We all want to be accepted.  It's difficult being comfortable in your own skin when people try to give of themselves and you witness the rejection.  When you come out, you can't help but compromise your relationships.  There are some people more accepting than others.  We all struggle with identity, some people just put on a second mask, day in and day out with contrived emotions, gestures, etc.  We can't help but cry out for liberation.  Can I just put it out there that you've done yourself a good thing opening up to someone?  It shows that you put a lot of trust with your friends and it's very respectable.  Granted, one isn't as accepting as the other, but it's life.  You can only move on from there, but you take with you an even stronger friendship with the other.

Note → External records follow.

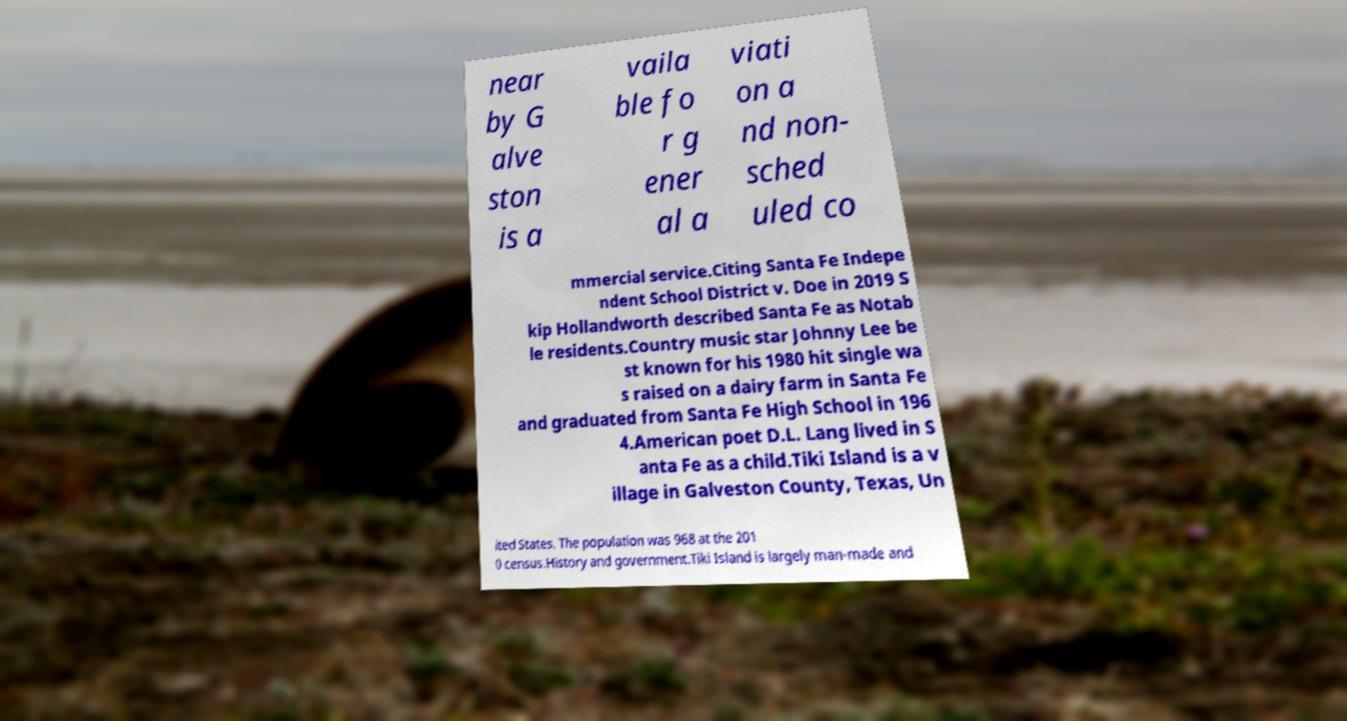Please identify and transcribe the text found in this image. near by G alve ston is a vaila ble fo r g ener al a viati on a nd non- sched uled co mmercial service.Citing Santa Fe Indepe ndent School District v. Doe in 2019 S kip Hollandworth described Santa Fe as Notab le residents.Country music star Johnny Lee be st known for his 1980 hit single wa s raised on a dairy farm in Santa Fe and graduated from Santa Fe High School in 196 4.American poet D.L. Lang lived in S anta Fe as a child.Tiki Island is a v illage in Galveston County, Texas, Un ited States. The population was 968 at the 201 0 census.History and government.Tiki Island is largely man-made and 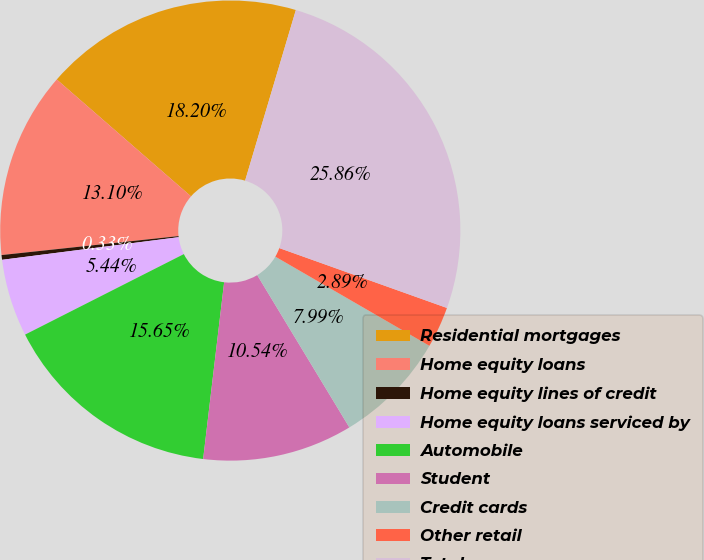Convert chart to OTSL. <chart><loc_0><loc_0><loc_500><loc_500><pie_chart><fcel>Residential mortgages<fcel>Home equity loans<fcel>Home equity lines of credit<fcel>Home equity loans serviced by<fcel>Automobile<fcel>Student<fcel>Credit cards<fcel>Other retail<fcel>Total<nl><fcel>18.2%<fcel>13.1%<fcel>0.33%<fcel>5.44%<fcel>15.65%<fcel>10.54%<fcel>7.99%<fcel>2.89%<fcel>25.86%<nl></chart> 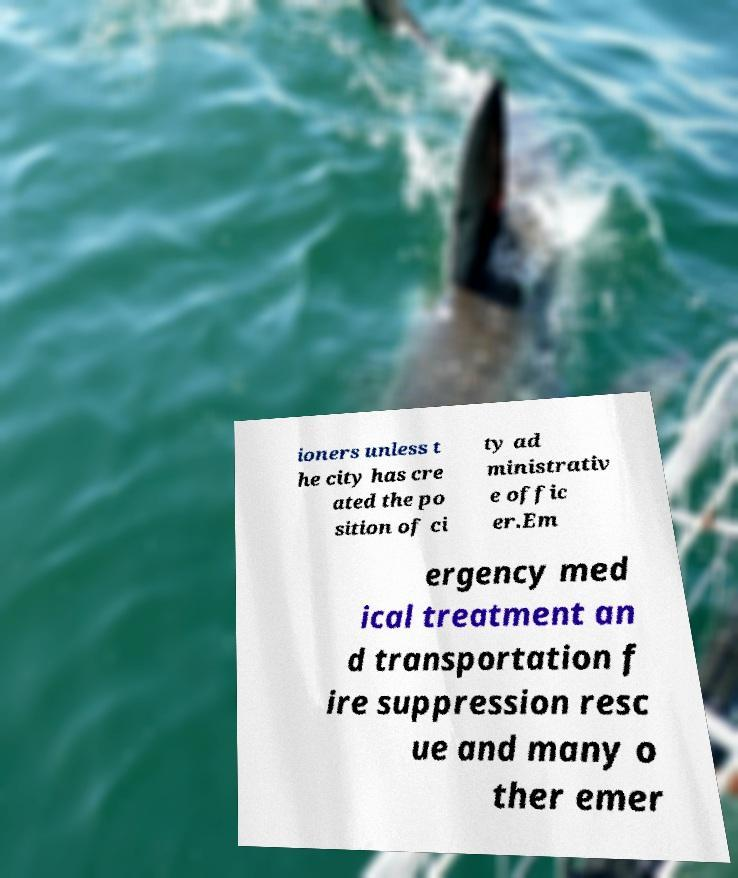Can you accurately transcribe the text from the provided image for me? ioners unless t he city has cre ated the po sition of ci ty ad ministrativ e offic er.Em ergency med ical treatment an d transportation f ire suppression resc ue and many o ther emer

One thing you have to realize is that people who carry a lot of their past can be rather difficult.  I think she was trying to foster her need to be wanted by establishing a relationship too quickly.  She has to realize that it's not really fair for both you to pursue anything further if there's always that grace of the uncertainty lingering.  With her means of mutilation and whatnot, I think it's better that you stay with her as a friend.  There are some things that people are just more comfortable confiding to friends than in relationships.  It can really help support her if you develop that strong sense of trust.  You can't help but worry because you care about her.  She mentioned changing herself.  To me, it sounds like she's desperate and looking for some means to foster that rejection.  It happens, and to provoke hope of something much more serious would be foolish for both of you.

There are just times in life where you get tossed a heavy load.  I suggest you prioritize your grades and whatnot.  I hope you can take one thing from this and think to yourself, are some of those people really worth it?